3. Application Testing
3.1. Selecting Data Set
The action recognition data set used in this project comes from the real-time collection of data of people with different action types and different body types and forms CSV files after normalization. There are a total of 33 columns, the first 28 are the two-dimensional coordinate information of 16 key points, and the last one is the action category label. Since it is tedious to write by neural network program in C#, we adopt the feedforward program that only writes neural network in C#, and the training program of neural network is written in python environment. In order to make the data diversified, the data set includes the data of people of different heights and sizes. There are 2763 items in all data sets, including 540 items for standing, 525 items for kicking, 553 items for waving, 555 items for starting, and 590 items for preparing. This topic is verified in the Intel® Core™ I7-3470 CPU@3.20GHz, 8GB memory environment. The operating system is 64-bit Windows 10, and the experimental tools are the Python editor Pycharm, the code editor Sublime Text, and the enhanced command line tool Cmder in Python. We set up a 3-layer neural network with 13 neurons in the first hidden layer, 14 neurons in the second hidden layer, and 10 neurons in the output layer. The activation function used by the neural network is sigmoID function. The result recognition effect is shown in Figure 4.

3.2. Test Result
In order to verify the effectiveness of the martial arts human body complex action recognition method in this paper, experimental tests are carried out to test the recognition accuracy of the three recognition methods under different data sets. The three data sets are msraction-3d data set and florence3d action data set. Select the martial arts human body complex action recognition method based on neural network (Literature [8] method) and the martial arts human body complex action recognition method based on deep learning (Literature [9] method), and compare it with the martial arts human body complex action recognition method in this paper. The test results are shown in Figures 5 and 6.

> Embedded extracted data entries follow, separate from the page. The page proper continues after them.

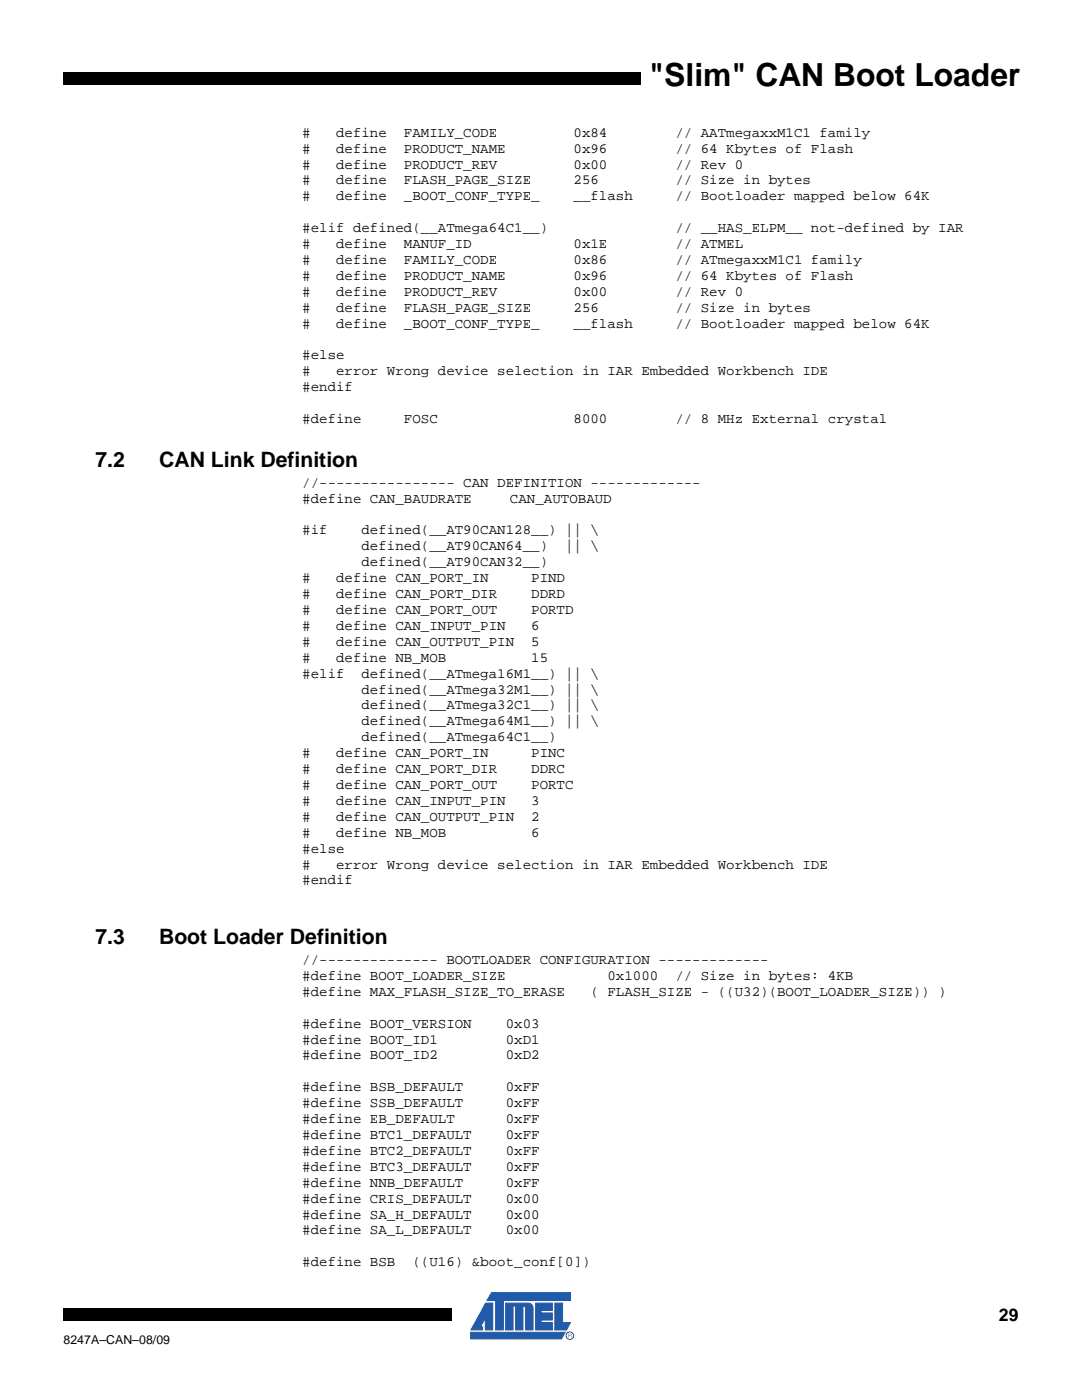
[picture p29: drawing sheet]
<svg xmlns="http://www.w3.org/2000/svg" width="216mm" height="279mm" viewBox="0 0 216 279" stroke-linecap="round" stroke-linejoin="round" font-family="sans-serif">
<defs><g id="words">
<text font-size="6.3" x="129.6" y="17.2">&quot;Slim&quot; CAN Boot Loader</text>
<g font-size="4.2">
<text x="19" y="93.1">7.2</text>
<text x="31.7" y="93.1">CAN Link Definition</text>
<text x="19" y="188.4">7.3</text>
<text x="31.7" y="188.4">Boot Loader Definition</text>
</g>
<text font-size="3.5" x="199.3" y="263.7">29</text>
<g font-size="2.8">
<text x="60.3" y="27.3">#</text>
<text x="67.1" y="27.3">define</text>
<text x="80.6" y="27.3">FAMILY_CODE</text>
<text x="114.4" y="27.3">0x84</text>
<text x="134.8" y="27.3">// AATmegaxxM1C1 family</text>
<text x="60.3" y="30.5">#</text>
<text x="60.3" y="33.6">#</text>
<text x="67.1" y="30.5">define</text>
<text x="67.1" y="33.6">define</text>
<text x="80.6" y="30.5">PRODUCT_NAME</text>
<text x="80.6" y="33.6">PRODUCT_REV</text>
<text x="114.4" y="30.5">0x96</text>
<text x="114.4" y="33.6">0x00</text>
<text x="134.8" y="30.5">// 64 Kbytes of Flash</text>
<text x="134.8" y="33.6">// Rev 0</text>
<text x="60.3" y="36.8">#</text>
<text x="60.3" y="40">#</text>
<text x="67.1" y="36.8">define</text>
<text x="67.1" y="40">define</text>
<text x="80.6" y="36.8">FLASH_PAGE_SIZE</text>
<text x="80.6" y="40">_BOOT_CONF_TYPE_</text>
<text x="114.4" y="36.8">256</text>
<text x="114.4" y="40">__flash</text>
<text x="134.8" y="36.8">// Size in bytes</text>
<text x="134.8" y="40">// Bootloader mapped below 64K</text>
<text x="60.3" y="46.3">#elif defined(__ATmega64C1__)</text>
<text x="134.8" y="46.3">// __HAS_ELPM__ not-defined by IAR</text>
<text x="60.3" y="49.5">#</text>
<text x="60.3" y="52.7">#</text>
<text x="67.1" y="49.5">define</text>
<text x="67.1" y="52.7">define</text>
<text x="80.6" y="49.5">MANUF_ID</text>
<text x="80.6" y="52.7">FAMILY_CODE</text>
<text x="114.4" y="49.5">0x1E</text>
<text x="114.4" y="52.7">0x86</text>
<text x="134.8" y="49.5">// ATMEL</text>
<text x="134.8" y="52.7">// ATmegaxxM1C1 family</text>
<text x="60.3" y="55.9">#</text>
<text x="60.3" y="59">#</text>
<text x="67.1" y="55.9">define</text>
<text x="67.1" y="59">define</text>
<text x="80.6" y="55.9">PRODUCT_NAME</text>
<text x="80.6" y="59">PRODUCT_REV</text>
<text x="114.4" y="55.9">0x96</text>
<text x="114.4" y="59">0x00</text>
<text x="134.8" y="55.9">// 64 Kbytes of Flash</text>
<text x="134.8" y="59">// Rev 0</text>
<text x="60.3" y="62.2">#</text>
<text x="60.3" y="65.4">#</text>
<text x="67.1" y="62.2">define</text>
<text x="67.1" y="65.4">define</text>
<text x="80.6" y="62.2">FLASH_PAGE_SIZE</text>
<text x="80.6" y="65.4">_BOOT_CONF_TYPE_</text>
<text x="114.4" y="62.2">256</text>
<text x="114.4" y="65.4">__flash</text>
<text x="134.8" y="62.2">// Size in bytes</text>
<text x="134.8" y="65.4">// Bootloader mapped below 64K</text>
<text x="60.3" y="71.7">#else</text>
<text x="60.3" y="74.9">#</text>
<text x="67.1" y="74.9">error Wrong device selection in IAR Embedded Workbench IDE</text>
<text x="60.3" y="78.1">#endif</text>
<text x="60.3" y="84.4">#define</text>
<text x="80.6" y="84.4">FOSC</text>
<text x="114.4" y="84.4">8000</text>
<text x="134.8" y="84.4">// 8 MHz External crystal</text>
<text x="60.3" y="97.1">//---------------- CAN DEFINITION -------------</text>
<text x="60.3" y="100.3">#define CAN_BAUDRATE</text>
<text x="101.8" y="100.3">CAN_AUTOBAUD</text>
<text x="60.3" y="106.7">#if</text>
<text x="72.2" y="106.7">defined(__AT90CAN128__) || \</text>
<text x="72.2" y="109.8">defined(__AT90CAN64__)</text>
<text x="72.2" y="113">defined(__AT90CAN32__)</text>
<text x="112.8" y="109.8">|| \</text>
<text x="60.3" y="116.2">#</text>
<text x="60.3" y="119.4">#</text>
<text x="67.1" y="116.2">define CAN_PORT_IN</text>
<text x="67.1" y="119.4">define CAN_PORT_DIR</text>
<text x="106" y="116.2">PIND</text>
<text x="106" y="119.4">DDRD</text>
<text x="60.3" y="122.5">#</text>
<text x="60.3" y="125.7">#</text>
<text x="67.1" y="122.5">define CAN_PORT_OUT</text>
<text x="67.1" y="125.7">define CAN_INPUT_PIN</text>
<text x="106" y="122.5">PORTD</text>
<text x="106" y="125.7">6</text>
<text x="60.3" y="128.9">#</text>
<text x="67.1" y="128.9">define CAN_OUTPUT_PIN</text>
<text x="106" y="128.9">5</text>
<text x="60.3" y="132.1">#</text>
<text x="60.3" y="135.2">#elif</text>
<text x="67.1" y="132.1">define NB_MOB</text>
<text x="72.2" y="135.2">defined(__ATmega16M1__) || \</text>
<text x="106" y="132.1">15</text>
<text x="72.2" y="138.4">defined(__ATmega32M1__) || \</text>
<text x="72.2" y="141.6">defined(__ATmega32C1__) || \</text>
<text x="72.2" y="144.8">defined(__ATmega64M1__) || \</text>
<text x="72.2" y="147.9">defined(__ATmega64C1__)</text>
<text x="60.3" y="151.1">#</text>
<text x="60.3" y="154.3">#</text>
<text x="67.1" y="151.1">define CAN_PORT_IN</text>
<text x="67.1" y="154.3">define CAN_PORT_DIR</text>
<text x="106" y="151.1">PINC</text>
<text x="106" y="154.3">DDRC</text>
<text x="60.3" y="157.5">#</text>
<text x="60.3" y="160.6">#</text>
<text x="67.1" y="157.5">define CAN_PORT_OUT</text>
<text x="67.1" y="160.6">define CAN_INPUT_PIN</text>
<text x="106" y="157.5">PORTC</text>
<text x="106" y="160.6">3</text>
<text x="60.3" y="163.8">#</text>
<text x="60.3" y="167">#</text>
<text x="67.1" y="163.8">define CAN_OUTPUT_PIN</text>
<text x="67.1" y="167">define NB_MOB</text>
<text x="106" y="163.8">2</text>
<text x="106" y="167">6</text>
<text x="60.3" y="170.2">#else</text>
<text x="60.3" y="173.3">#</text>
<text x="67.1" y="173.3">error Wrong device selection in IAR Embedded Workbench IDE</text>
<text x="60.3" y="176.5">#endif</text>
<text x="60.3" y="192.4">//-------------- BOOTLOADER CONFIGURATION -------------</text>
<text x="60.3" y="195.6">#define BOOT_LOADER_SIZE</text>
<text x="121.2" y="195.6">0x1000</text>
<text x="134.8" y="195.6">// Size in bytes: 4KB</text>
<text x="60.3" y="198.7">#define MAX_FLASH_SIZE_TO_ERASE</text>
<text x="117.8" y="198.7">( FLASH_SIZE - ((U32)(BOOT_LOADER_SIZE)) )</text>
<text x="60.3" y="205.1">#define BOOT_VERSION</text>
<text x="60.3" y="208.3">#define BOOT_ID1</text>
<text x="100.9" y="205.1">0x03</text>
<text x="100.9" y="208.3">0xD1</text>
<text x="60.3" y="211.4">#define BOOT_ID2</text>
<text x="100.9" y="211.4">0xD2</text>
<text x="60.3" y="217.8">#define BSB_DEFAULT</text>
<text x="60.3" y="221">#define SSB_DEFAULT</text>
<text x="100.9" y="217.8">0xFF</text>
<text x="100.9" y="221">0xFF</text>
<text x="60.3" y="224.1">#define EB_DEFAULT</text>
<text x="60.3" y="227.3">#define BTC1_DEFAULT</text>
<text x="100.9" y="224.1">0xFF</text>
<text x="100.9" y="227.3">0xFF</text>
<text x="60.3" y="230.5">#define BTC2_DEFAULT</text>
<text x="60.3" y="233.7">#define BTC3_DEFAULT</text>
<text x="100.9" y="230.5">0xFF</text>
<text x="100.9" y="233.7">0xFF</text>
<text x="60.3" y="236.8">#define NNB_DEFAULT</text>
<text x="100.9" y="236.8">0xFF</text>
<text x="60.3" y="240">#define CRIS_DEFAULT</text>
<text x="60.3" y="243.2">#define SA_H_DEFAULT</text>
<text x="100.9" y="240">0x00</text>
<text x="100.9" y="243.2">0x00</text>
<text x="60.3" y="246.4">#define SA_L_DEFAULT</text>
<text x="100.9" y="246.4">0x00</text>
<text x="60.3" y="252.7">#define BSB</text>
<text x="82.3" y="252.7">((U16) &amp;boot_conf[0])</text>
</g>
<text font-size="2.5" x="12.7" y="268.1">8247A–CAN–08/09</text>
</g></defs>
<path d="M12.7 261.1h1.2v2.4h-1.2zM13.9 261.1h76.2v2.4h-76.2z" fill="#000"/>
<g fill="#fff">
<path d="M92.3 256.7h23.8v11.9h-23.8z"/>
<path d="M93.9 257.9h20.7v9.5h-20.7z"/>
</g>
<path d="M96.9 260.1h1.4v5.3h-1.5v-2.3l-.9 1.7h.4v.6h-2.3z" fill="#1f5baa"/>
<path d="M96.9 260.1h1.4v5.3h-1.5v-2.3l-.9 1.7h.4v.6h-2.3z" fill="none" stroke="#1f5baa" stroke-width=".2"/>
<path d="M110.7 260.1h1.6v3.9h1.5l-.8 1.4h-2.3z" fill="#1f5baa"/>
<path d="M110.7 260.1h1.6v3.9h1.5l-.8 1.4h-2.3z" fill="none" stroke="#1f5baa" stroke-width=".2"/>
<path d="M93.9 265.9h18.9l-.8 1.3h-18.1z" fill="#1f5baa"/>
<path d="M93.9 265.9h18.9l-.8 1.3h-18.1z" fill="none" stroke="#1f5baa" stroke-width=".2"/>
<path d="M98.1 257.9h15.7v1.6h-13.4v5.9h-1.5v-5.9h-1.7z" fill="#1f5baa"/>
<path d="M98.1 257.9h15.7v1.6h-13.4v5.9h-1.5v-5.9h-1.7z" fill="none" stroke="#1f5baa" stroke-width=".2"/>
<path d="M100.9 260.1h4.4a1 1 0 0 1 1.1 1v4.3h-1.5v-4.3a.49 .49 0 0 0-.5-.5v4.8h-1.5v-4.8h-.5v4.8h-1.5z" fill="#1f5baa"/>
<path d="M100.9 260.1h4.4a1 1 0 0 1 1.1 1v4.3h-1.5v-4.3a.49 .49 0 0 0-.5-.5v4.8h-1.5v-4.8h-.5v4.8h-1.5z" fill="none" stroke="#1f5baa" stroke-width=".2"/>
<path d="M106.9 260.1h3.3v1.4h-2.2v.5h2.2v1.5h-2.2v.4h2.2v1.5h-3.3z" fill="#1f5baa"/>
<g fill="none" stroke="#1f5baa" stroke-width=".2">
<path d="M106.9 260.1h3.3v1.4h-2.2v.5h2.2v1.5h-2.2v.4h2.2v1.5h-3.3z"/>
<circle cx="113.7" cy="266.6" r=".75"/>
</g>
<path d="M113.5 266.3h.4v.2h-.4zM113.4 266.2v.7h.1v-.3l.4 .1v.2h.2l-.1-.7z" fill="#1f5baa"/>
<path d="M0 14.4h127.8v2.5h-127.8z" fill="#000"/>
<path d="M0 8.7h12.4v18.8h-12.4z" fill="#fff"/>
<use href="#words"/>
</svg>

As shown in Figure 5, the average accuracy rate of the martial arts human movement recognition method in this paper is 90.1%, and the average accuracy rates of the other two recognition methods are 78.2% and 76.5%, respectively. As shown in Figure 6, the average accuracy rate of the martial arts body movement recognition method in this paper is 92.7%, and the average accuracy rates of the other two recognition methods are 80.4% and 82.9%, respectively.
In order to further reflect the performance of Wushu action recognition methods based on the features of bone points, the time-consuming statistics of the three methods are made, and the results are shown in the following table.
From the analysis of Table 2, it can be seen that the time consumed of the martial arts human body movement recognition method in this paper is 1.2 s and 1.41 s, respectively, which is much lower than the other two methods, indicating that the martial arts movement recognition method in this paper has higher recognition efficiency and better application performance.
4. Conclusion
In this paper, a recognition method of complex behaviors of Wushu human body based on bone point features is proposed. According to the multimodal classifier algorithm, the human body is divided into five parts, the variance of each part is calculated and sorted, and the bone points are determined according to the part with the largest variance. The feature of bone points is composed of different expressions of bone joints, which integrates various behavioral information such as kinetic energy, potential energy, joint direction, and joint angle, making the feature expression more effective. The experimental results show that the recognition accuracy of the research method for different types of movements is 90.1% and 92.7%, and the recognition time is 1.2 s and 1.41 s, which has superior recognition effect of Wushu movements. In this paper, the behavior recognition of large movements is effective, but the performance of subtle movement recognition is insufficient. In the follow-up, we can consider introducing the content of gesture recognition and fusing gestures with the features of limbs and torso to improve the recognition of subtle movements such as keyboard tapping.
Data Availability
The data used and analyzed during the current study are available from the corresponding author on reasonable request.
Conflicts of Interest
The authors declare that they have no conflicts of interest.